Before I close, let me note that Eric Ashley has again written another, Practise Bits: The Meaning of Words. Having just now read it, I find it a fascinating fragment of a world about which I would like to create more. Perhaps I will find a way to do so.
–M. J. Young
JohnA1nut said on May 19, 2011
I had a 30 day “Trial Program” I downloaded. When the 30 days expired, to use the program, I simply changed the date on my computer so that it was back within the 30 day trial period. The program thought it was still in trial mode. I used it that way for years.
Tadeusz said on May 20, 2011
You have my permission to use this fragment however you would like to do so, Mark. And thanks.

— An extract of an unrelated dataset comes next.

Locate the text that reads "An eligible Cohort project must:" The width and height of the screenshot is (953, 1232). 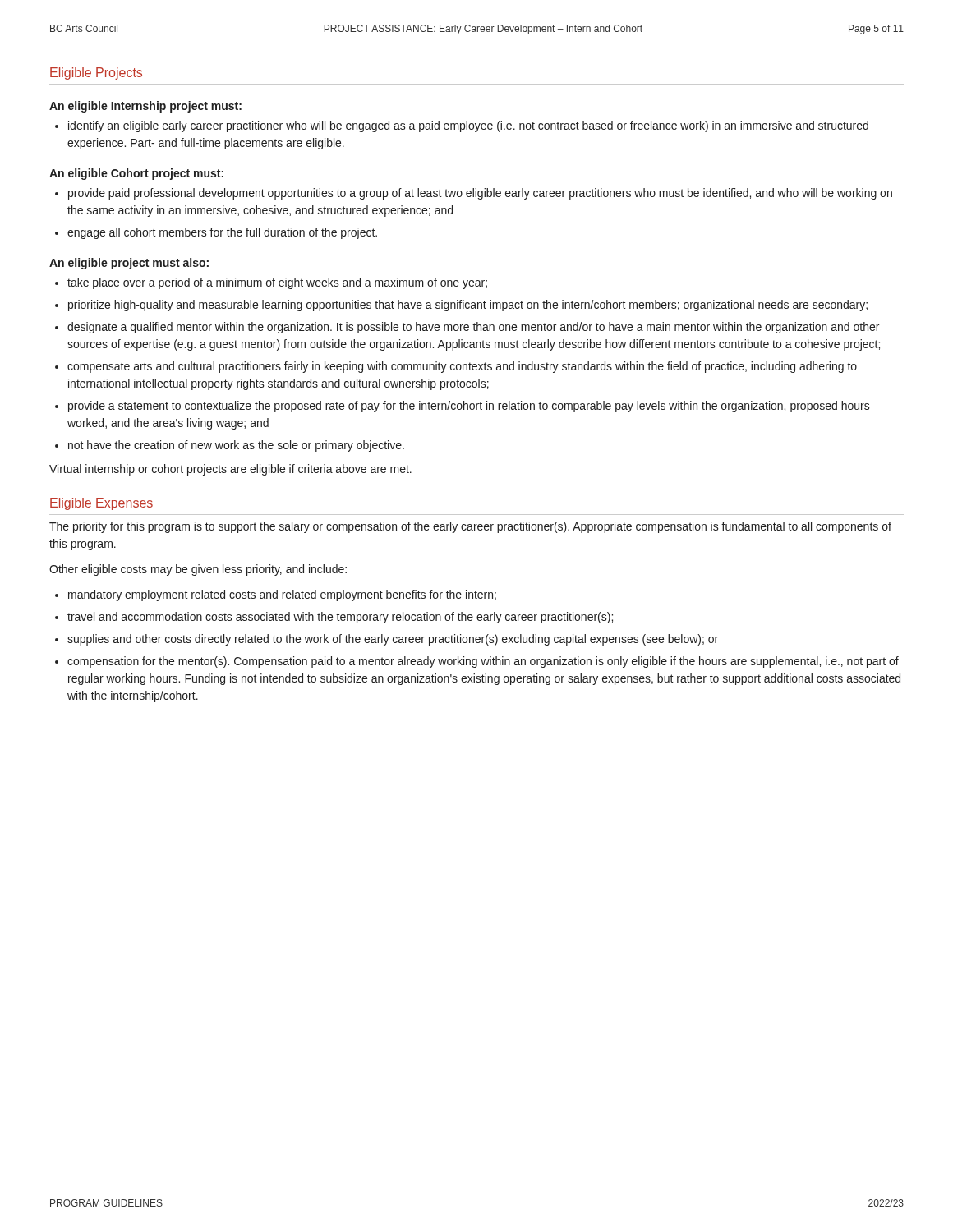click(x=137, y=173)

Jhiaxus said on May 20, 2011
Many of the agreements you agree to, state that you are renting the software from them, and that you don’t own it. I do not know if that is what you agreed to when you bought it, but it is common place now.
JohnA1nut said on May 20, 2011
You mean there’s actually someone who reads those agreements?

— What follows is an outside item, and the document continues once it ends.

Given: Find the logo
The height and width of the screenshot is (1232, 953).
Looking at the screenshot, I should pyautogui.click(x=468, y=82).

M. J. Young said on May 21, 2011
Adam–Microsoft started that, I think with ME; it was not at all the rule before that, and this software predates that, I think.
John–I’ve tried all the usual fixes. I don’t know how it knows, but somewhere in my startup files it seems to have placed a code that tells it how many days it has been active independently of what day the computer thinks it is. It also survives an uninstall/reinstall process.
Eric–thanks. I just might.
–M. J. Young
Jhiaxus said on May 23, 2011
The software might, but for modern software, every major update has a new ELA that you have to scroll down and agree to. Either way if they won’t support it, it is a shame, but that has been this way for awhile.
M. J. Young said on May 23, 2011
No updates–original software in original form with original license.
JohnA1nut said on May 23, 2011
Google. You’ll find a freeware version of something better. How old is that program? Time to update it my man. To a point, I agree that you shouldn’t change things just to change them, however, if you can come up with something that is clearly an improvement, why should you NOT take it?
M. J. Young said on May 24, 2011
The problem is not finding “something better”; the problem is finding something that opens the proprietary .rpp files so I don’t lose them.
It would be something like if Adobe was the only company that made Acrobat writers or readers, and suddenly they decided they were no longer going to allow anyone to have any software that would read or write PDF documents, and if you’ve got a lot of PDF documents too bad; or if Word managed to stop supporting the .doc format and prevented anyone else from creating a program that would open a Word document.
Turtle Beach in essence encouraged the creation of large numbers of files which can only be printed or played using a program that does not work solely because Turtle Beach is too incompetent to provide a code to me which they must have provided to others in the past.
–M
JohnA1nut said on May 24, 2011
Understood. I’d still try a Google search though. Maybe somebody somewhere wrote a program which would support it. Worst thing that can happen is you waste some time (Not like that’s never happened) and come up empty handed. Your situation would not be any worse.
Don’t try to explain why I’m wrong. Just roll with it.
M. J. Young said on May 25, 2011
I had someone doing that for me; he has come up empty so far.
As far as wasting time and coming up empty, I don’t have a lot of spare time.